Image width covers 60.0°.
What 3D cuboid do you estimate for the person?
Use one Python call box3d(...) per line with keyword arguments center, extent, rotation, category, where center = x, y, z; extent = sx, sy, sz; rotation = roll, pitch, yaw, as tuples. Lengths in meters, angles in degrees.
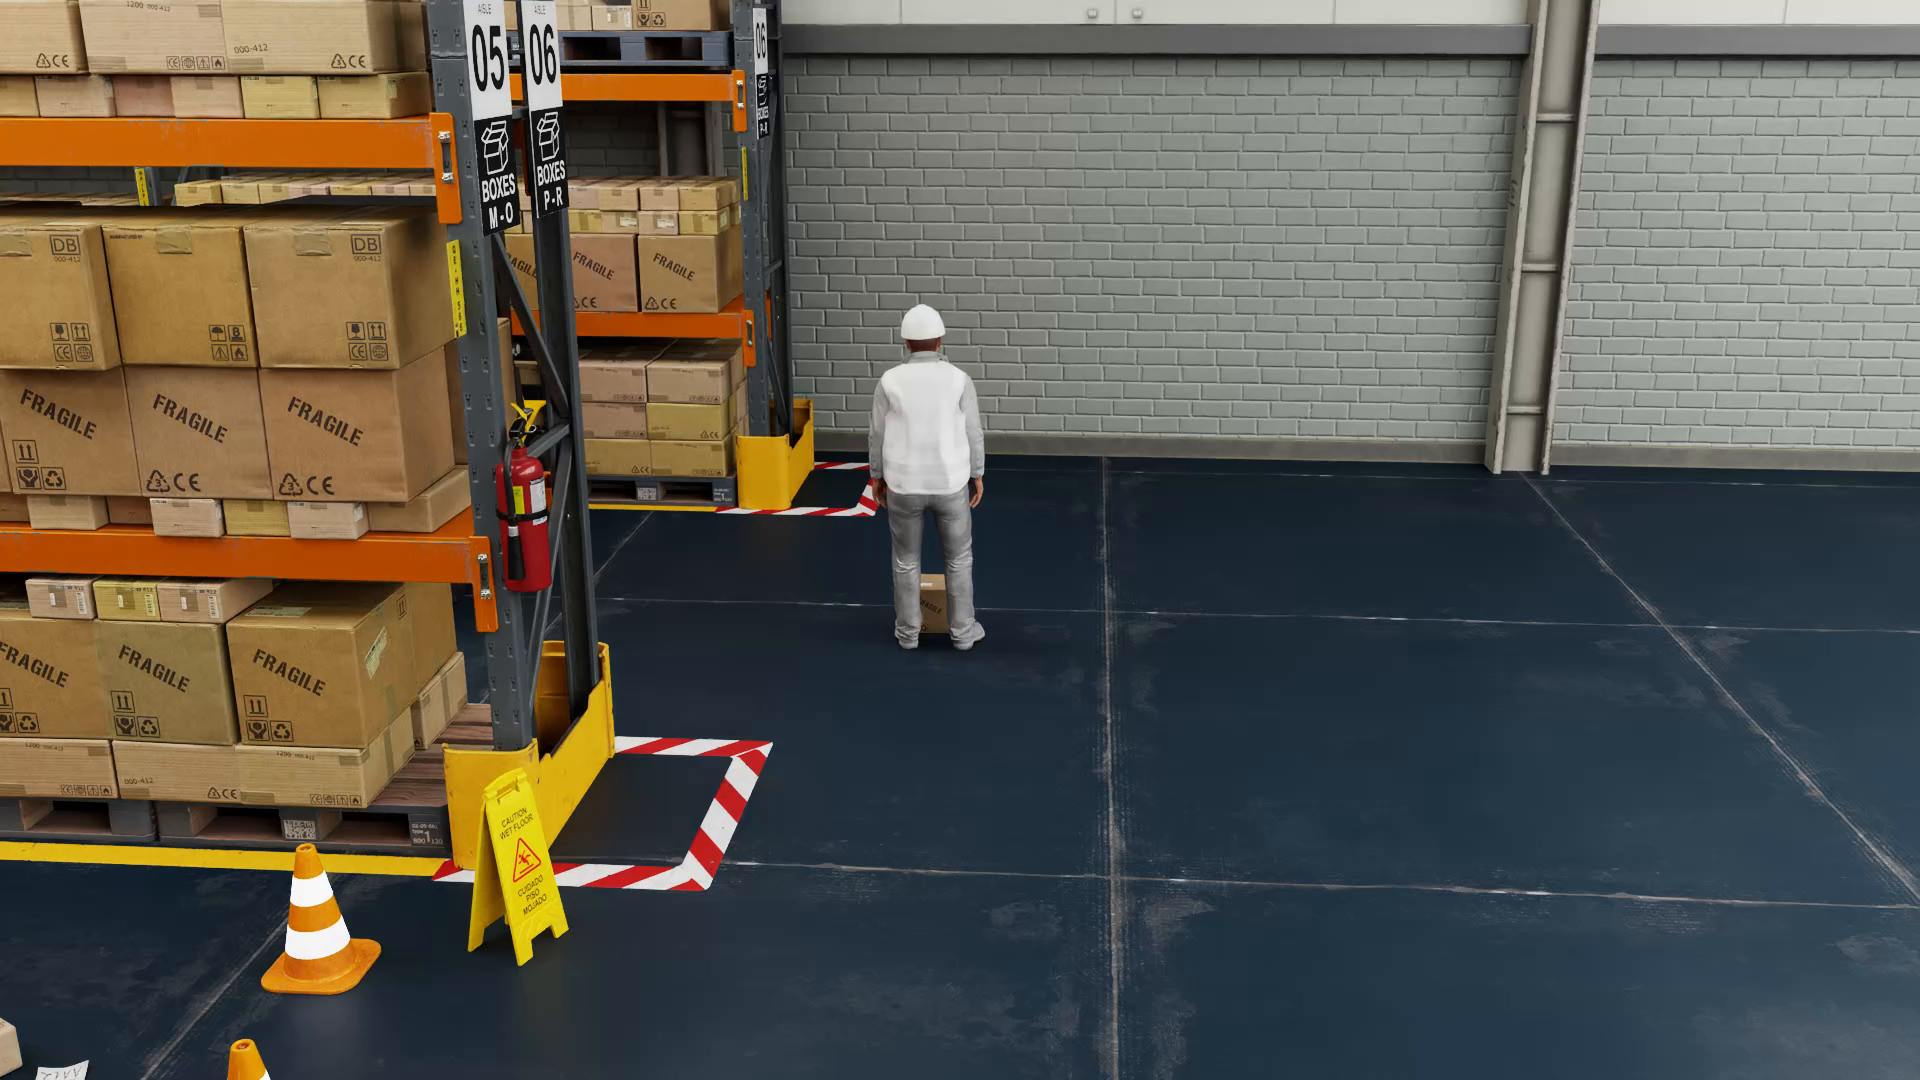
box3d(center=(-0.160, -0.308, 8.488), extent=(0.587, 1.771, 0.466), rotation=(1, 17, 3), category="person")
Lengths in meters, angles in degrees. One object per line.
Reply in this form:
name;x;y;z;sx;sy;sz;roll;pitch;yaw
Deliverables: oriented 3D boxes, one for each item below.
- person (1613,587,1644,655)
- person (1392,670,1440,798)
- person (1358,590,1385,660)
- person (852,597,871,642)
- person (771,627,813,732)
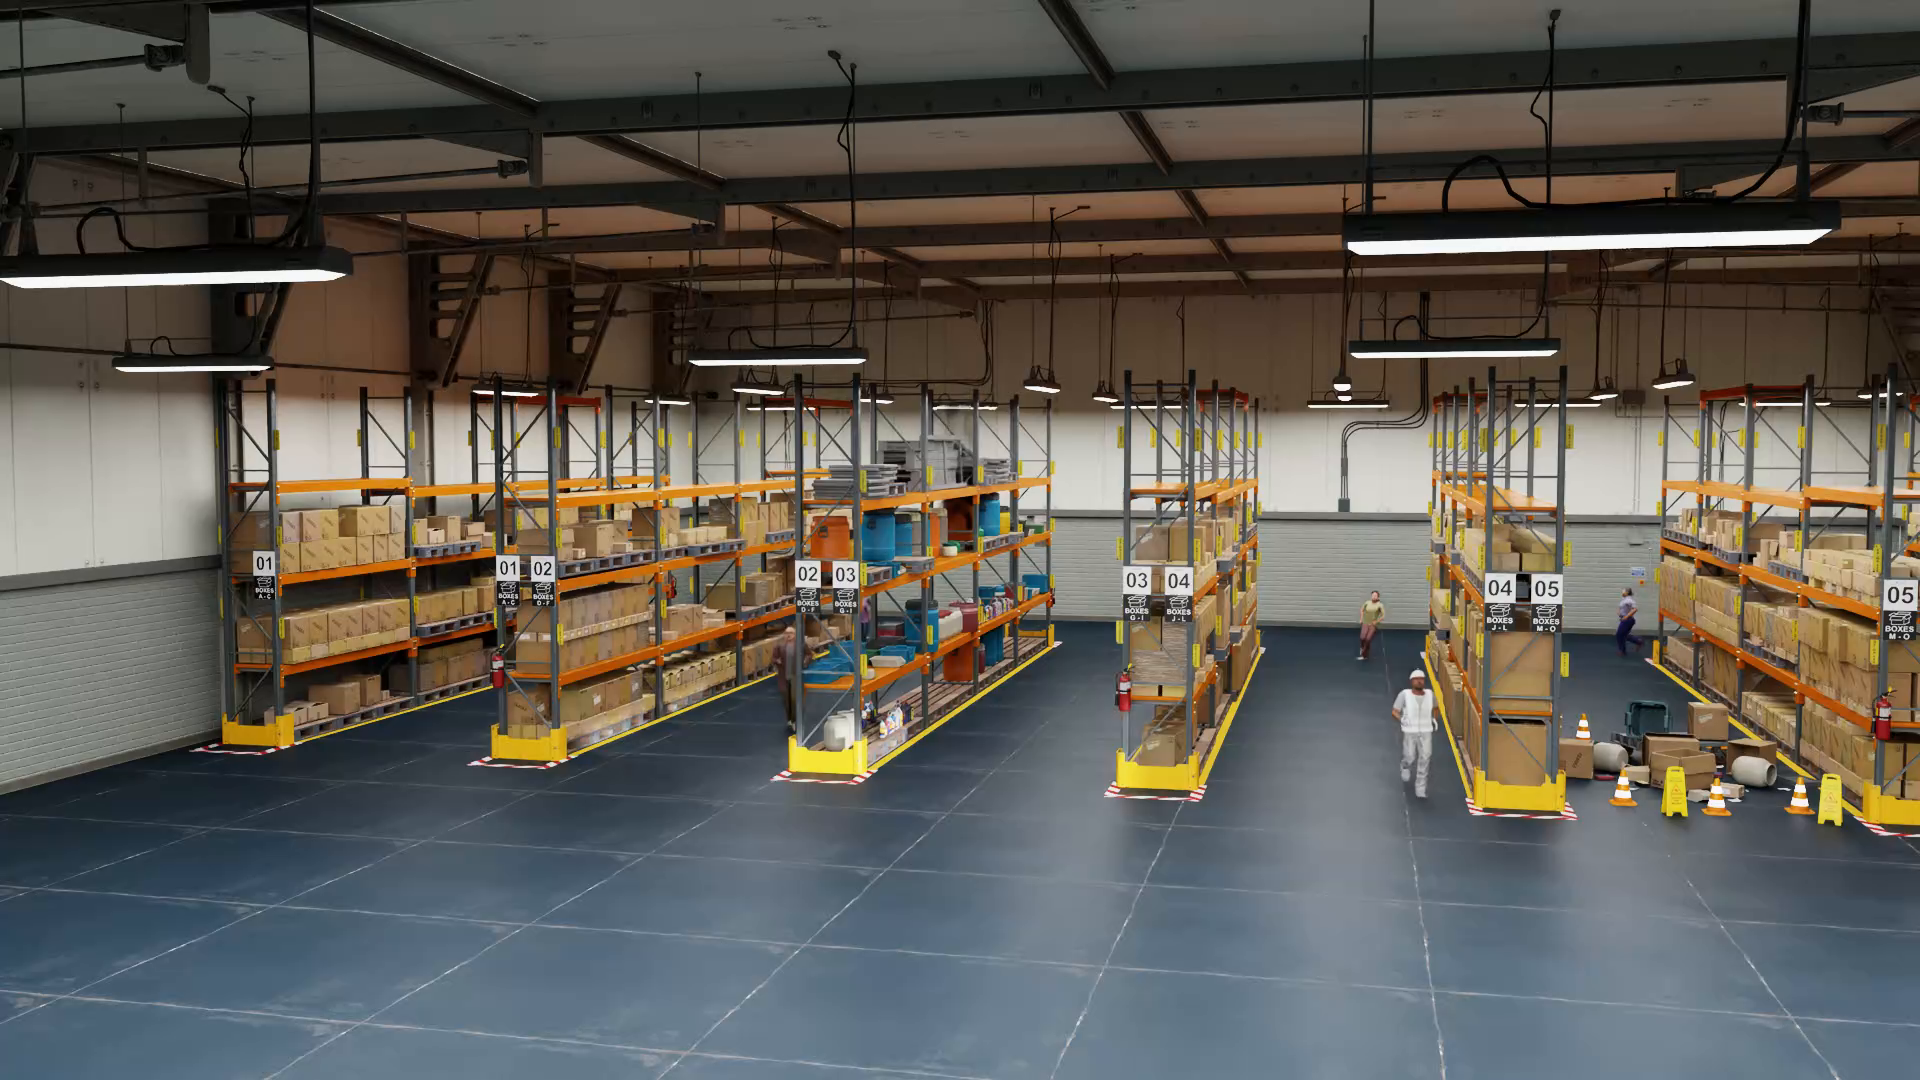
person;15.570;1.896;38.627;0.686;1.621;0.607;1;4;16
person;6.455;2.713;23.466;0.684;1.747;0.874;0;3;5
person;9.302;1.942;37.650;0.602;1.601;0.523;2;4;26
person;-2.117;1.790;35.264;0.530;1.630;0.763;0;3;4
person;-2.920;2.406;28.654;0.688;1.814;0.754;0;3;6

——————————

### Required work
Transcribe every line of the listing above exactly; skip the pictures.

### Output
Image width covers 60.0°.
What 3D cuboid do you estimate for the person?
Use one Python call box3d(...) per line with keyword arguments center, extent, rotation, category, where center = x, y, z; extent = sx, sy, sz; rotation = roll, pitch, yaw, as tuples. Lengths in meters, angles in degrees.
box3d(center=(-0.160, -0.308, 8.488), extent=(0.587, 1.771, 0.466), rotation=(1, 17, 3), category="person")
Lengths in meters, angles in degrees. One object per line.
Reply in this form:
name;x;y;z;sx;sy;sz;roll;pitch;yaw
Deliverables: oriented 3D boxes, one for each item below.
- person (1613,587,1644,655)
- person (1392,670,1440,798)
- person (1358,590,1385,660)
- person (852,597,871,642)
- person (771,627,813,732)
person;15.570;1.896;38.627;0.686;1.621;0.607;1;4;16
person;6.455;2.713;23.466;0.684;1.747;0.874;0;3;5
person;9.302;1.942;37.650;0.602;1.601;0.523;2;4;26
person;-2.117;1.790;35.264;0.530;1.630;0.763;0;3;4
person;-2.920;2.406;28.654;0.688;1.814;0.754;0;3;6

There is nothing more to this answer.